I am fine with AGI which is 'merely' powerful enough to expand itself into a Type I civilization. If that's the only justification for developing a decision theory which can handle anthropic reasoning then I have no use for such a theory.

Fine, but you'd probably be less happy if it stored all humans in stasis while preparing resources to defend itself against aliens that never turn up. Besides, there might be other anthropic arguments that we haven't noticed yet but such that the AI's response would vary wildly depend on how it reasons. Without knowing in advance that it is sensible, there's no telling if it will do the right thing.

(I am not an AI designer, I'm just interested in probability for its own sake.)

For the sake of argument, I'll grant that correctly formulated anthropic priors can reduce the bias in posterior estimates for the possibility of ET contact/confrontation: but the simple consequence of the math is that the influence of an anthropic prior decreases as the AGI gains more scientific knowledge. An AGI which has an (1-epsilon)-complete understanding of science, yet does not employ anthropic reasoning will have asymptotically equivalent estimates to an AGI which has an (1-epsilon)-complete understanding of science and employs correct anthropic reasoning.

[-][anonymous]13y00

How does a complete understanding of physics allow you to asymptotically approach "correct" solutions to anthropic problems? We can already imagine reformulating these problems in toy universes with completely known physics (like cellular automata), but that doesn't seem to help us solve them...

[-][anonymous]13y00

Your idea is a little similar to one-action AI that I described a while ago. It is a neat way to get goal stability (as long as you trust your magical math intuition module), but it doesn't seem to solve all of decision theory, even if you know the correct theory of physics at the outset.

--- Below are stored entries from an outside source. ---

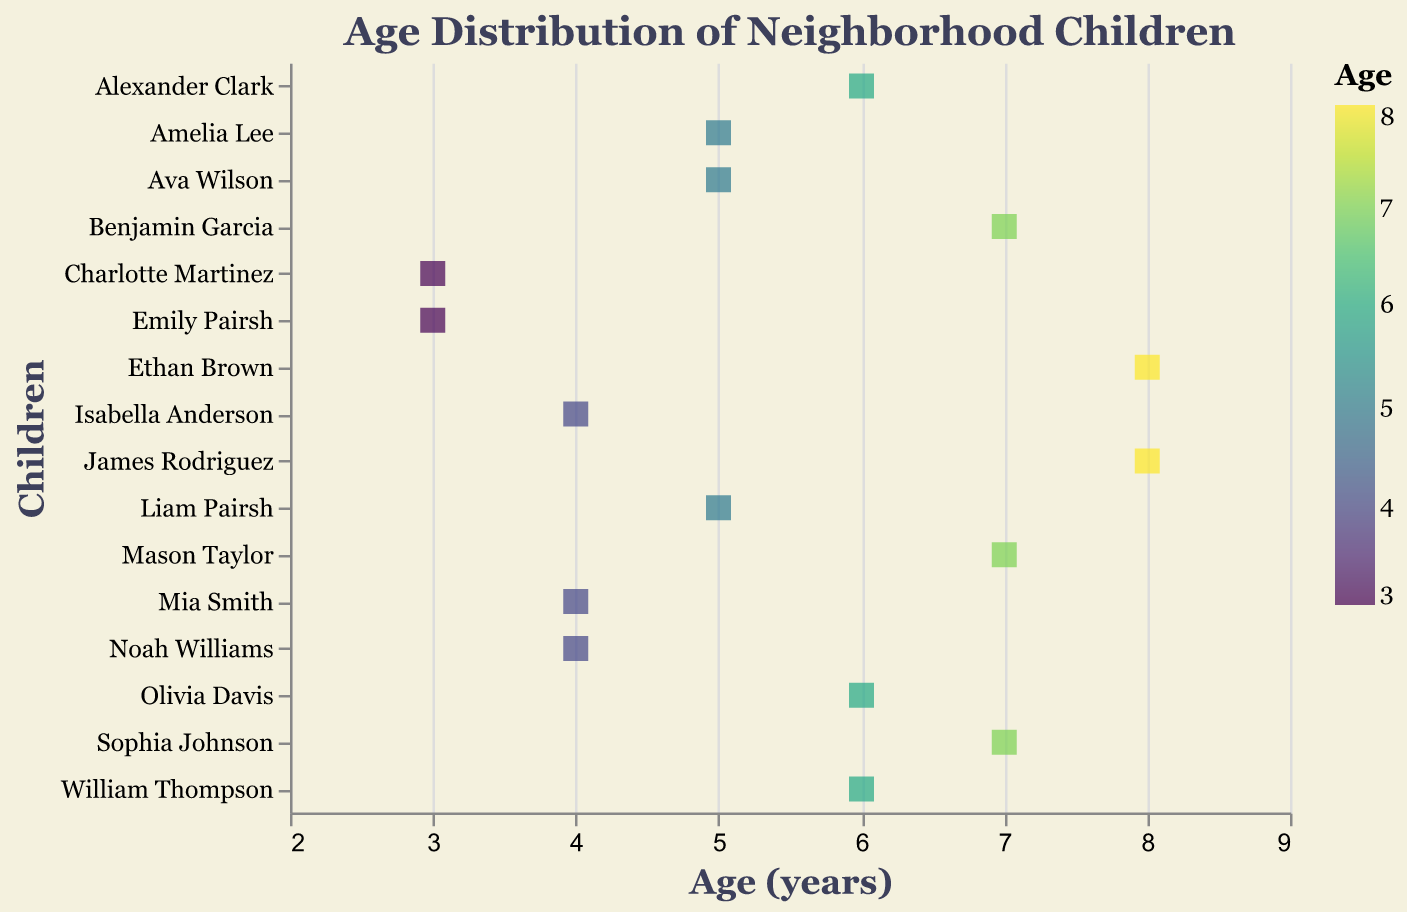What is the age range of the neighborhood children in the plot? The horizontal axis represents the children's ages. The lowest age value is 3 years, and the highest is 8 years.
Answer: 3 to 8 years How many children are aged 5 in the plot? By inspecting the plot, we observe that there are three data points (Liam Pairsh, Ava Wilson, and Amelia Lee) at the age of 5.
Answer: 3 children Which age has the highest frequency of children? We compare the number of children at each age: there are three children aged 5, three aged 7, and three aged 6. Therefore, ages 5, 6, and 7 all have the highest frequency.
Answer: 5, 6, and 7 Who is the youngest child, and what is their age? The plot shows two data points at the age of 3: Emily Pairsh and Charlotte Martinez. Both are the youngest, aged 3.
Answer: Emily Pairsh and Charlotte Martinez, age 3 Which child is aged 8 years old? By looking at the plot, we see Ethan Brown and James Rodriguez are represented at age 8.
Answer: Ethan Brown and James Rodriguez What is the median age of the children in the plot? Sorting the ages: 3, 3, 4, 4, 4, 5, 5, 5, 6, 6, 6, 7, 7, 7, 8, 8. With 16 children, the median is the average of the 8th and 9th values: (5+6)/2.
Answer: 5.5 years How many children are younger than 5 years old? Children aged 3 (2 children) and 4 (3 children). Total is 2 + 3 = 5.
Answer: 5 children Are there more children aged 6 or 7? By observing the plot, we see three children aged 6 and three children aged 7.
Answer: Equal number What's the average age of neighborhood children? Summing ages: 3+3+4+4+4+5+5+5+6+6+6+7+7+7+8+8 = 94. Number of children is 16. Average age = 94/16.
Answer: 5.875 years How many children are there in total in the plot? The plot contains 16 data points, each representing a child.
Answer: 16 children

If humanity eventually builds an AI based on your proposed decision theory, an alien AI built a million years ago may have inferred that fact and precommitted to wage self-destructive war against us unless we surrender 99% of our resources. Your AI will infer that fact at startup and give up the resources immediately. This predictable reaction of your AI caused the alien AI to make its precommitment in the first place. TDT tries to fix this by not yielding to extortion, though we don't know how to formalize that.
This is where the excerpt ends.